In the traditional view depicted in Figure 3, extension is clearly the key to information flow both to and from researchers and farmers. Extension agents are expected to be half scientist and half farmer, able to pick up and understand a technical journal article, put it into the specific context of his or her target community, and then communicate the information effectively to practical-minded farmers who have limited formal education. To make the system function as designed, the human and physical resources allocated to the extension services must be substantially improved over what they are today. Extension agents must be adequately trained and supported in their work (van der Mheen 1996).
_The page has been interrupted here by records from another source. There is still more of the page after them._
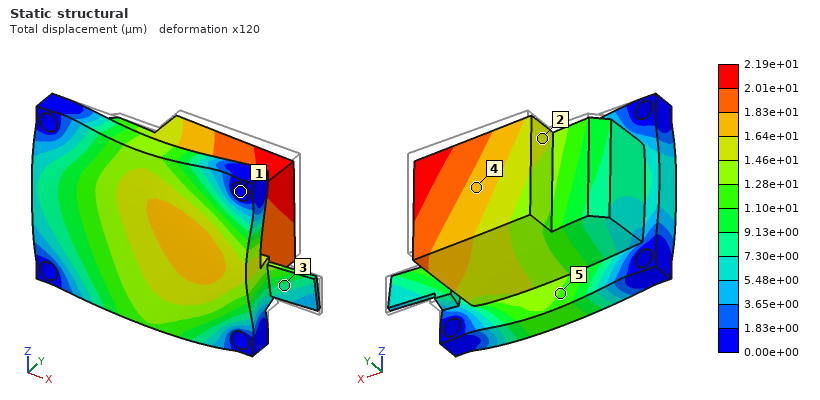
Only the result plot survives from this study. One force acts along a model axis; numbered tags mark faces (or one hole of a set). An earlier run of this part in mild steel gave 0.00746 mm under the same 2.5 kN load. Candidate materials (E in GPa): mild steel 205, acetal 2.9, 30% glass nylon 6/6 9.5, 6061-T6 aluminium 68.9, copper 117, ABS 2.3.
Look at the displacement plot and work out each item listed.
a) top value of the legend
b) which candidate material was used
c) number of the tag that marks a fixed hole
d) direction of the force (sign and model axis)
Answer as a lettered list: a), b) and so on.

a) 2.19e+01 µm
b) 6061-T6 aluminium
c) 1
d) -Y
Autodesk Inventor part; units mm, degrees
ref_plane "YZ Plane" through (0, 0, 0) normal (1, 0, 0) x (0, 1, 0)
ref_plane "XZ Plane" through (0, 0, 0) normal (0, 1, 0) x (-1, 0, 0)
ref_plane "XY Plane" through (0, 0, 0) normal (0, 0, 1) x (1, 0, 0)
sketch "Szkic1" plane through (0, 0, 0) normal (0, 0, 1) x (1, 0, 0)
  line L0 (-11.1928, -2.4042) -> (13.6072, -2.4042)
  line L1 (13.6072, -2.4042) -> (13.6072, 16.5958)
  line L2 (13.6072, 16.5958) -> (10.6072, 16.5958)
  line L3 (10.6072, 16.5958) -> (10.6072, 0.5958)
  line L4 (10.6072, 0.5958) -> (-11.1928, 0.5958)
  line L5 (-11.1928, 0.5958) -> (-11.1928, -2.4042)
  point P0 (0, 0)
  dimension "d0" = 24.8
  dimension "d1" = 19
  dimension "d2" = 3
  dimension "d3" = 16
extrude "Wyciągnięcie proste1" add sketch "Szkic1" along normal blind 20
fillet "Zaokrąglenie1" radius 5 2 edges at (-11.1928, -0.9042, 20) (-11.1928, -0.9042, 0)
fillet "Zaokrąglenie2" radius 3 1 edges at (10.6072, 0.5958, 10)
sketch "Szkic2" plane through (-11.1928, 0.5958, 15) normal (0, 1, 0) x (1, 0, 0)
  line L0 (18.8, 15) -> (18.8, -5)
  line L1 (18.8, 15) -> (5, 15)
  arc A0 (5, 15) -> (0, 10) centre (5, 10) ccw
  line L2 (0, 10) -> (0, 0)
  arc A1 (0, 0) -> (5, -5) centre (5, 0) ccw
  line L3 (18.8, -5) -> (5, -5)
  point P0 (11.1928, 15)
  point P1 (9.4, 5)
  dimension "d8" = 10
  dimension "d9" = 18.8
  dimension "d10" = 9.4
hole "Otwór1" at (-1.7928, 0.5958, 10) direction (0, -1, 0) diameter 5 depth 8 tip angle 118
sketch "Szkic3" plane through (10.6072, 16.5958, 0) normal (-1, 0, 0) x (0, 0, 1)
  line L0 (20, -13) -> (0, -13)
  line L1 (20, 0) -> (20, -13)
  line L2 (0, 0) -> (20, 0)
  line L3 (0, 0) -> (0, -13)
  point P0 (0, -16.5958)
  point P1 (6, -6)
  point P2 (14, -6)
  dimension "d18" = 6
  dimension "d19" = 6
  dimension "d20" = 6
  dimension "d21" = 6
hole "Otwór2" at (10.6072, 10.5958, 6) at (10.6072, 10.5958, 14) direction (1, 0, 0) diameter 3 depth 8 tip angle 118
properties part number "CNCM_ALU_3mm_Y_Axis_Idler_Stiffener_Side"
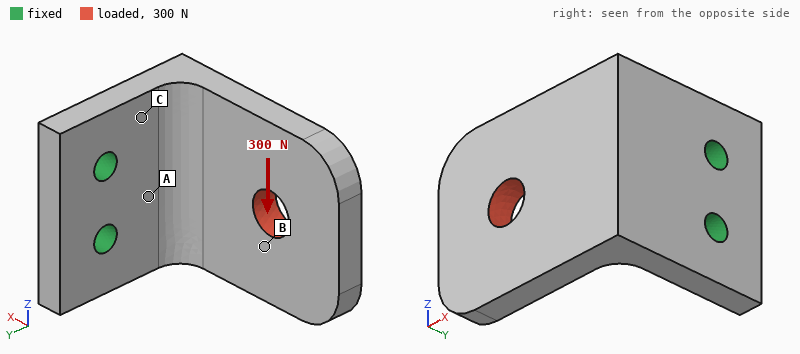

The institutional framework in which field work is viewed as unprestigious and a sump for unproductive or junior staff must be revised to give high quality extension professionals the opportunity for personal advancement while keeping them in productive contact with farming communities. This will be enhanced by being able to document the positive contribution of aquaculture to farmers' livelihoods.
How these tasks are to be accomplished in light of the developing world's current level of indebtedness and the donor community's increasing frustration is not easy to predict. The alarming rate of impoverishment and environmental destruction in many of the developing countries necessitates that action to improve the lot of rural communities be taken quickly (McCalla 1994). Even if the money to revamp the extension services were made available today, it will still be extremely difficult to see how substantial gains could be made in a short enough period of time to be meaningful for the current generation, and the longer we wait, the worse the problem becomes.
Training and institutional reform of the extension services are, of course, absolutely essential for the long term growth and viability of agriculture in developing countries, but short term solutions are also needed. Since the bulk of quality education has been provided to the research side of the research-extension equation, it seems reasonable to shift some responsibility in that direction in order to meet short-term objectives. If our short-term solutions work, it may well preclude the need for the old structure entirely and pave the way for a completely new approach to technology development and transfer.
Although extension agents in developing countries are nowhere plentiful, they are everywhere vastly more numerous than researchers. Short-circuiting the researcher-extension-farmer continuum to preclude extension, while possibly improving the flow of information in the specific target areas in which a researcher happened to be working, would actually reduce the total amount of information reaching the rural areas. In addition, the fact that most researchers live, study and teach in or near cities would shift the focus of outreach towards the urban centers and further marginalize remoter regions.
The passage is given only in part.